“Japan has a snake in her bosom. That snake is namely flatterers. What led Japan to defeat is neither army nor government, but the snake in Japan’s bosom, the flatterers.”

— Former Prime Minister Yasuhiro Nakasone, “The Making of the New Japan” (translated by Lesley Connors)

When Prime Minister Shinzo Abe travels to Washington this week to meet U.S. President Donald Trump, it will take place in a very different atmosphere than the friendly, but hastily arranged, chat between Abe and the president-elect in November, just after he shocked Japan’s leadership — and the world — by winning the election.

Abe will strain to be on his best behavior. But ostentatious gifts, such as the golf club Abe presented to Trump in New York, are unlikely to be in the prime minister’s suitcase before he departs.

In a meeting that is likely to be formal and possibly tense, the two leaders are expected to discuss the U.S.-Japan military alliance and Japan’s contributions; finance and trade issues, including, perhaps, the idea of some sort of bilateral trade agreement; geopolitical topics such as China and North Korea; and whatever other issues the two leaders decide to raise at the last minute.

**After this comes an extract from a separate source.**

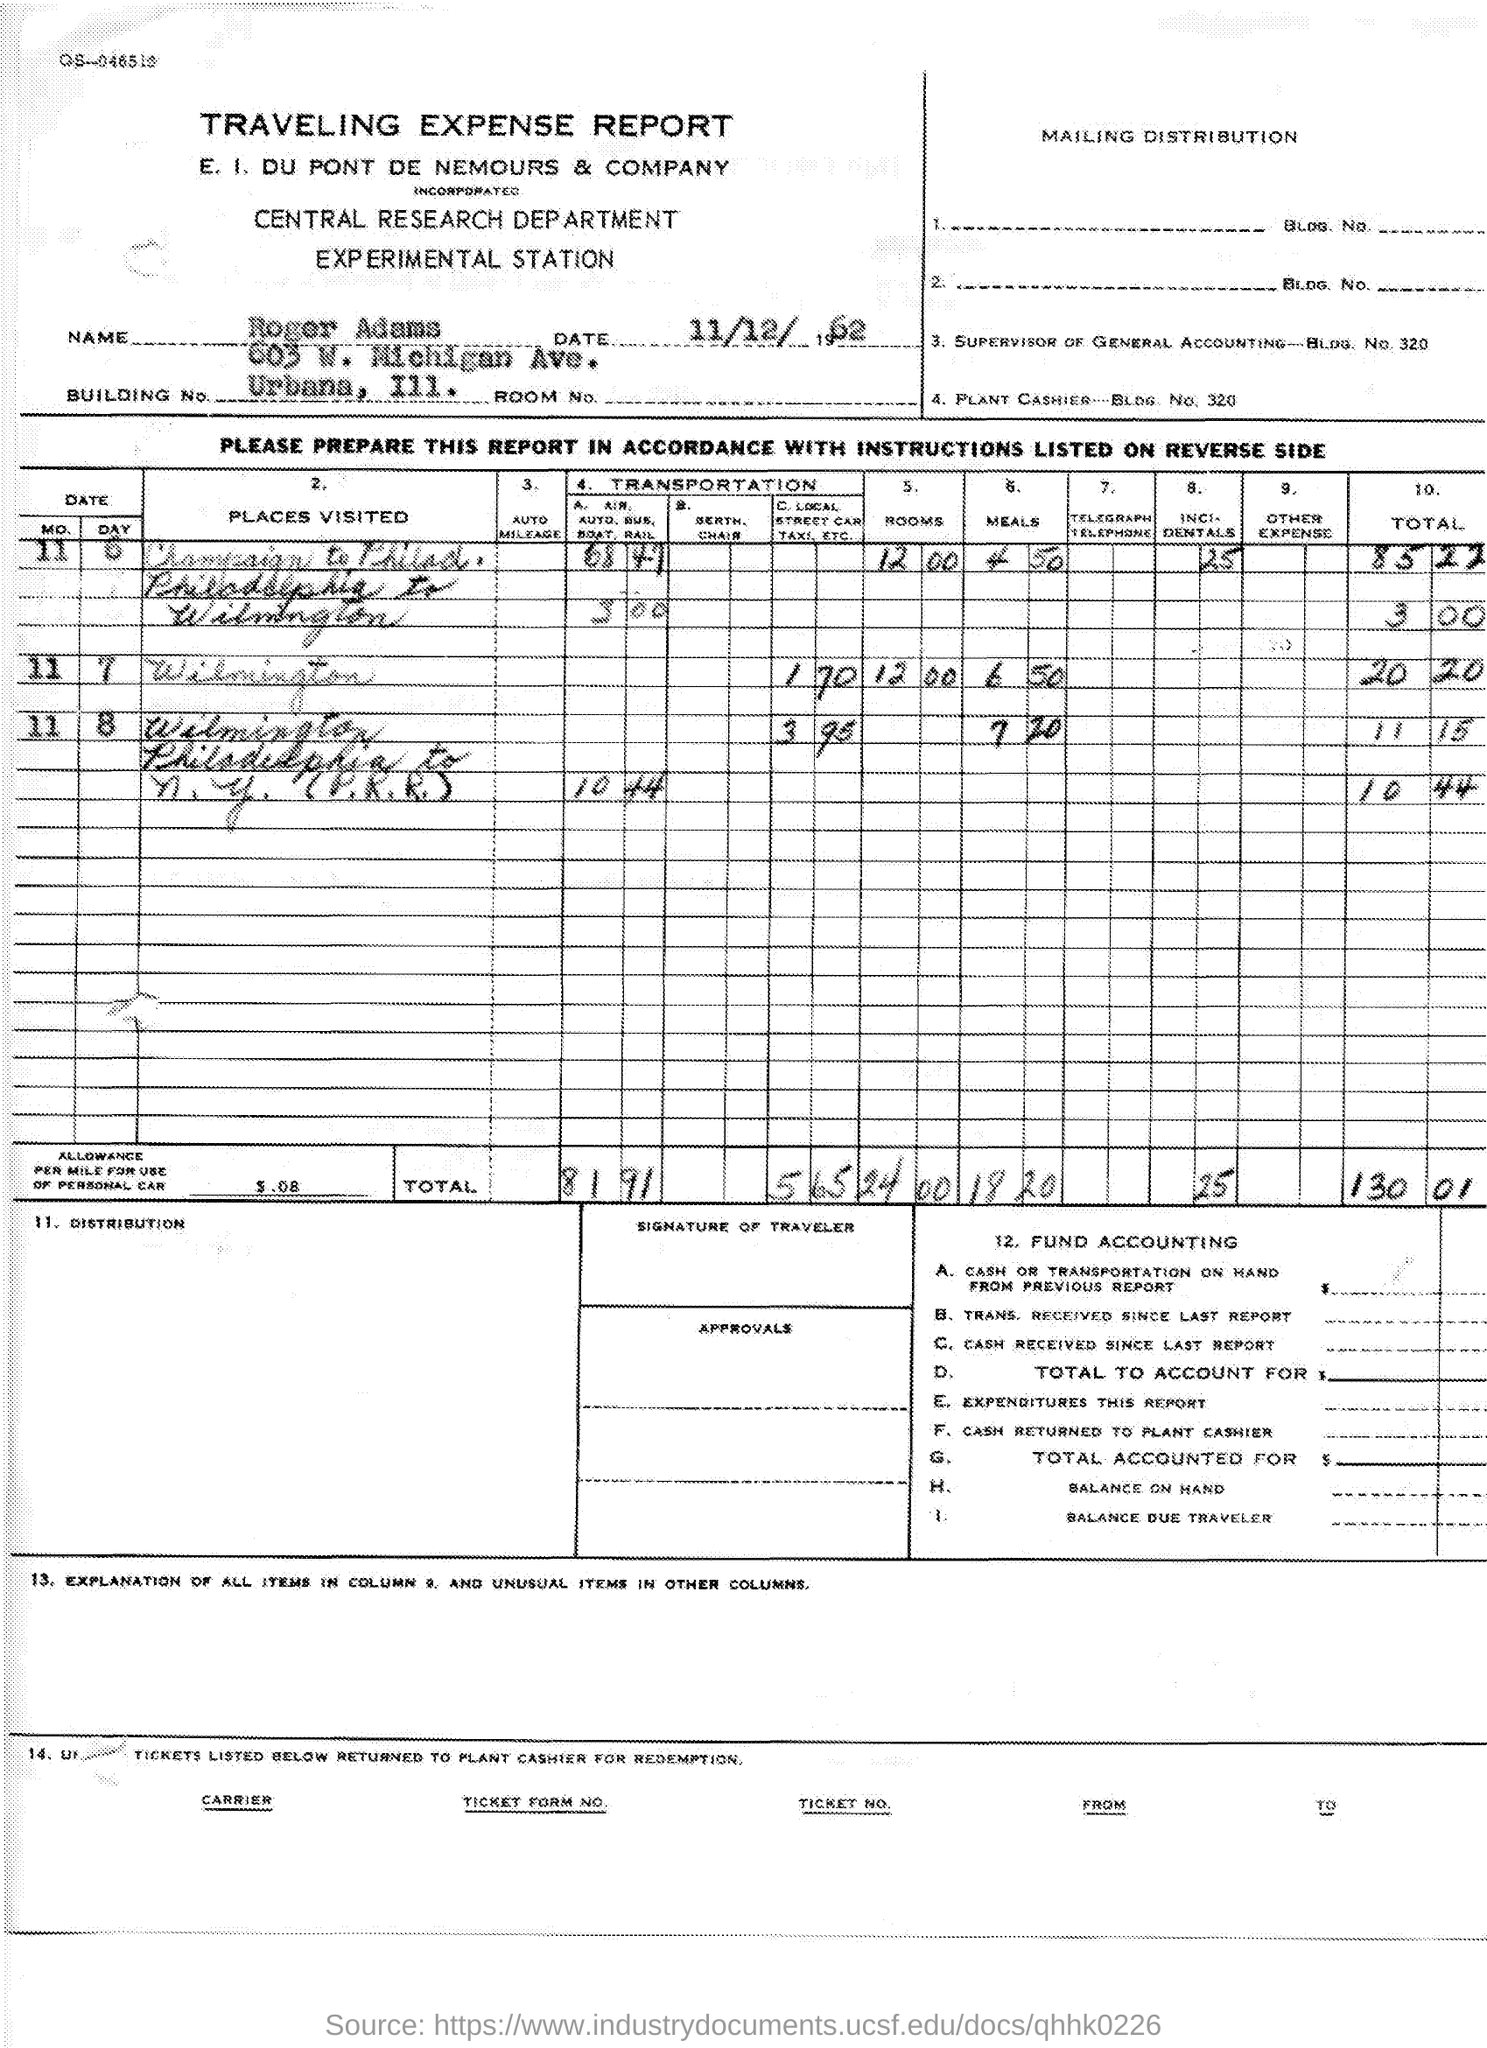What is the name mentioned in the given report ?
Offer a very short reply. Roger Adams. What is the date mentioned in the given report ?
Provide a succinct answer. 11/12/1962. What is the name of the department mentioned in the given report ?
Provide a short and direct response. CENTRAL RESEARCH DEPARTMENT.

At any rate, that’s the general prediction for what will comprise the basic, official agenda. What everyone is really wondering, though, is to what extent specific issues ranging from Toyota’s contribution to the U.S. economy and Japan’s budget for hosting the U.S. military to bellicose rhetoric toward China on the part of Trump’s close advisers will chill the atmosphere, creating mutual distrust and fears in Tokyo that bilateral relations and regional security are only going to worsen.

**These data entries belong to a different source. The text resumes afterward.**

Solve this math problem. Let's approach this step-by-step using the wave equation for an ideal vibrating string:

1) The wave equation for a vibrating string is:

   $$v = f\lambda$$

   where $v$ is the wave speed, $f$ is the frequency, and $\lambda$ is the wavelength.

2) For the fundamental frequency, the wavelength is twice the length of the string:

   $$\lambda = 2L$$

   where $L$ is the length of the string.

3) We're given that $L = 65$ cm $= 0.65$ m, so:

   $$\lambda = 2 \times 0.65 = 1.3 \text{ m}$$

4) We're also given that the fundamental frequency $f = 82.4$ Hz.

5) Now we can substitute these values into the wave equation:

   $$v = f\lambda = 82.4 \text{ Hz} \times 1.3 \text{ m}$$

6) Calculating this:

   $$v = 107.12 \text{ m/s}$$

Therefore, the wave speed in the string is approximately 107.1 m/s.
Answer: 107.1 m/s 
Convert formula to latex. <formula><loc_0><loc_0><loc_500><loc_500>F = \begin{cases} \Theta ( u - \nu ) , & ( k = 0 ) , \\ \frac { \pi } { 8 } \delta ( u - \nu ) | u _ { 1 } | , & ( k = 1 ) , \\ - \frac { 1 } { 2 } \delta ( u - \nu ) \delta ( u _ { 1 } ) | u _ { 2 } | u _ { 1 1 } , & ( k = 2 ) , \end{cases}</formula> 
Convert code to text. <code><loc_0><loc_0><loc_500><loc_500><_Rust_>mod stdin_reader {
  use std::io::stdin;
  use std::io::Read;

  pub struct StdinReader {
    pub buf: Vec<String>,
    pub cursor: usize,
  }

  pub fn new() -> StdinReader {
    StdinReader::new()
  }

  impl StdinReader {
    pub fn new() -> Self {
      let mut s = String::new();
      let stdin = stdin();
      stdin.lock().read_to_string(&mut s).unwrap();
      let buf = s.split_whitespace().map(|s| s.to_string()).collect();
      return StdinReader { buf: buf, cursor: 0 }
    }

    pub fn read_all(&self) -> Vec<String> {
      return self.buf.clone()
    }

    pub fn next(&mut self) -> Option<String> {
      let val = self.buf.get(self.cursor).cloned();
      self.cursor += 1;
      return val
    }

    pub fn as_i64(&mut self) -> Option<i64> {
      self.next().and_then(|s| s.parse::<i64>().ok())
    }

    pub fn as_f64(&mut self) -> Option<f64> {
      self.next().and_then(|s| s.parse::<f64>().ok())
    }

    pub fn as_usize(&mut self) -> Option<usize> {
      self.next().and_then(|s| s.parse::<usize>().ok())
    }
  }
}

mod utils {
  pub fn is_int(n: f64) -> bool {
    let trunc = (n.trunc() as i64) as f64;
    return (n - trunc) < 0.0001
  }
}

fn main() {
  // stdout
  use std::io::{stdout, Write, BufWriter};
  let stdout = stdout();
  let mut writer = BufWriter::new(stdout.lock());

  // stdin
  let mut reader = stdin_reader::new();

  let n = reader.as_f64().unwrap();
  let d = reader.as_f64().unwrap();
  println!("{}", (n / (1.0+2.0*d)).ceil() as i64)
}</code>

No doubt officials in both countries, along with concerned members of the public, will quickly log onto Trump’s Twitter account following the meeting to get his unfiltered views of Abe and Japan. After all, we have reached the age where relations may increasingly depend less on traditional diplomatic language and press conferences and more on social media outbursts from a president who uses undiplomatic language and emoji to express his pleasure, or displeasure, with the leadership of other countries.

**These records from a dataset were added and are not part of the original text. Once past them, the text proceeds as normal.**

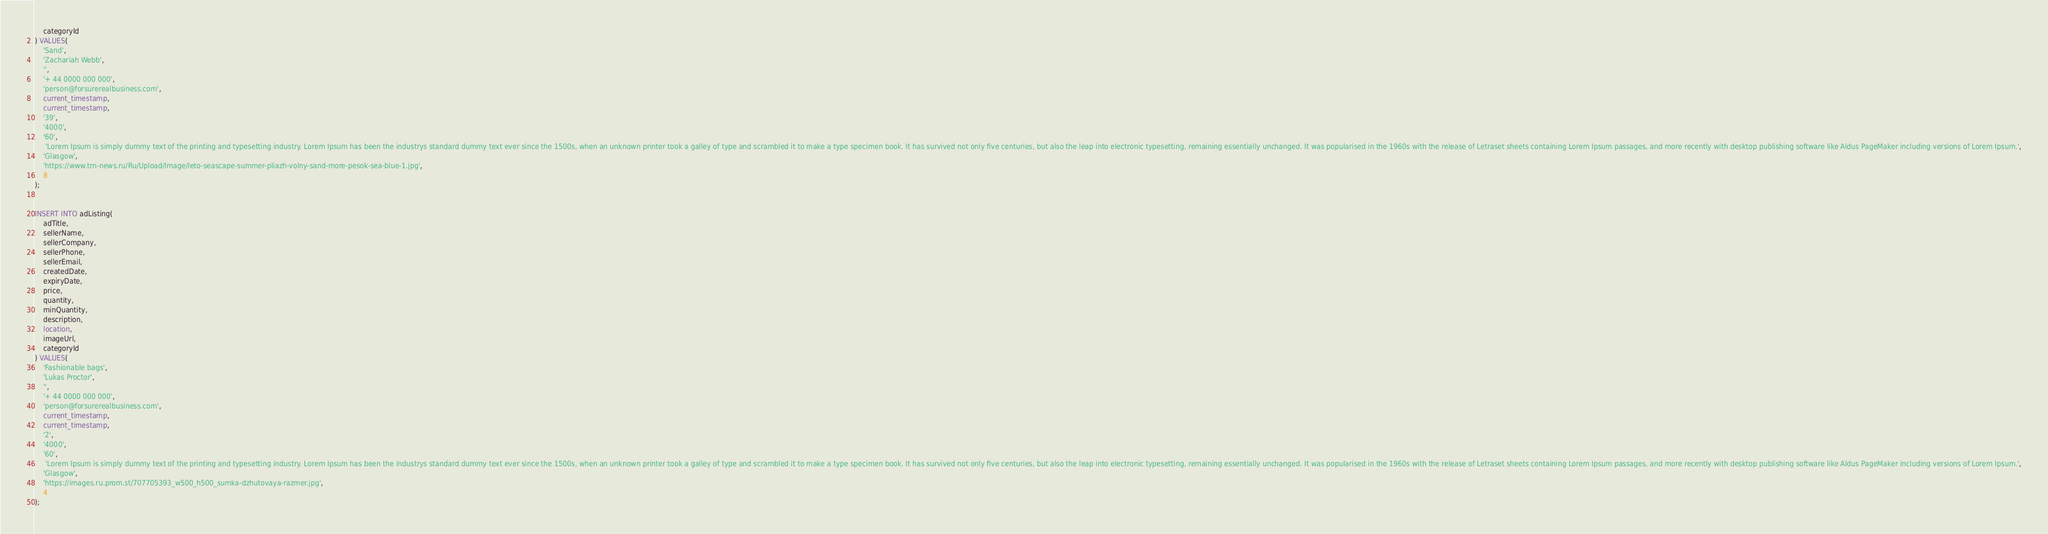Convert code to text. <code><loc_0><loc_0><loc_500><loc_500><_SQL_>    categoryId
) VALUES(
    'Sand', 
    'Zachariah Webb', 
    '', 
    '+ 44 0000 000 000',
    'person@forsurerealbusiness.com',
    current_timestamp,
    current_timestamp,
    '39',
    '4000',
    '60',
     'Lorem Ipsum is simply dummy text of the printing and typesetting industry. Lorem Ipsum has been the industrys standard dummy text ever since the 1500s, when an unknown printer took a galley of type and scrambled it to make a type specimen book. It has survived not only five centuries, but also the leap into electronic typesetting, remaining essentially unchanged. It was popularised in the 1960s with the release of Letraset sheets containing Lorem Ipsum passages, and more recently with desktop publishing software like Aldus PageMaker including versions of Lorem Ipsum.',
    'Glasgow',
    'https://www.trn-news.ru/Ru/Upload/Image/leto-seascape-summer-pliazh-volny-sand-more-pesok-sea-blue-1.jpg',
    8
);


INSERT INTO adListing(
    adTitle, 
    sellerName, 
    sellerCompany, 
    sellerPhone, 
    sellerEmail, 
    createdDate, 
    expiryDate, 
    price, 
    quantity, 
    minQuantity, 
    description, 
    location, 
    imageUrl, 
    categoryId
) VALUES(
    'Fashionable bags', 
    'Lukas Proctor', 
    '', 
    '+ 44 0000 000 000',
    'person@forsurerealbusiness.com',
    current_timestamp,
    current_timestamp,
    '2',
    '4000',
    '60',
     'Lorem Ipsum is simply dummy text of the printing and typesetting industry. Lorem Ipsum has been the industrys standard dummy text ever since the 1500s, when an unknown printer took a galley of type and scrambled it to make a type specimen book. It has survived not only five centuries, but also the leap into electronic typesetting, remaining essentially unchanged. It was popularised in the 1960s with the release of Letraset sheets containing Lorem Ipsum passages, and more recently with desktop publishing software like Aldus PageMaker including versions of Lorem Ipsum.',
    'Glasgow',
    'https://images.ru.prom.st/707705393_w500_h500_sumka-dzhutovaya-razmer.jpg',
    4
);</code>

“Don’t anger Trump” has, therefore, become the guiding principle for the Feb. 10 meeting, with Japanese experts tending to agree that Japan doesn’t really have any other option at this point than to work hard to ensure a strong bilateral relationship remains a top priority for the president. To accomplish this, Japan simply has to find common areas of agreement (such as the need for a tough stance against China, although what Abe will say to the president about threats from Trump adviser Steve Bannon about going to war in the South China Sea remains to be seen).

Looking for answers

Like a number of countries worldwide, Japan was shocked by Trump’s victory, fully expecting Hillary Clinton to win, and has been struggling since then to understand the reasons behind his victory. Was it part of the growing worldwide backlash against globalization philosophy that has held sway in developed countries since the end of the Cold War in Europe? Was it due to America’s growing class divide between those highly educated urbanites in a few megacities who embrace both new technologies and international trade, and lesser educated Americans in smaller cities and rural areas who feel neglected and left behind?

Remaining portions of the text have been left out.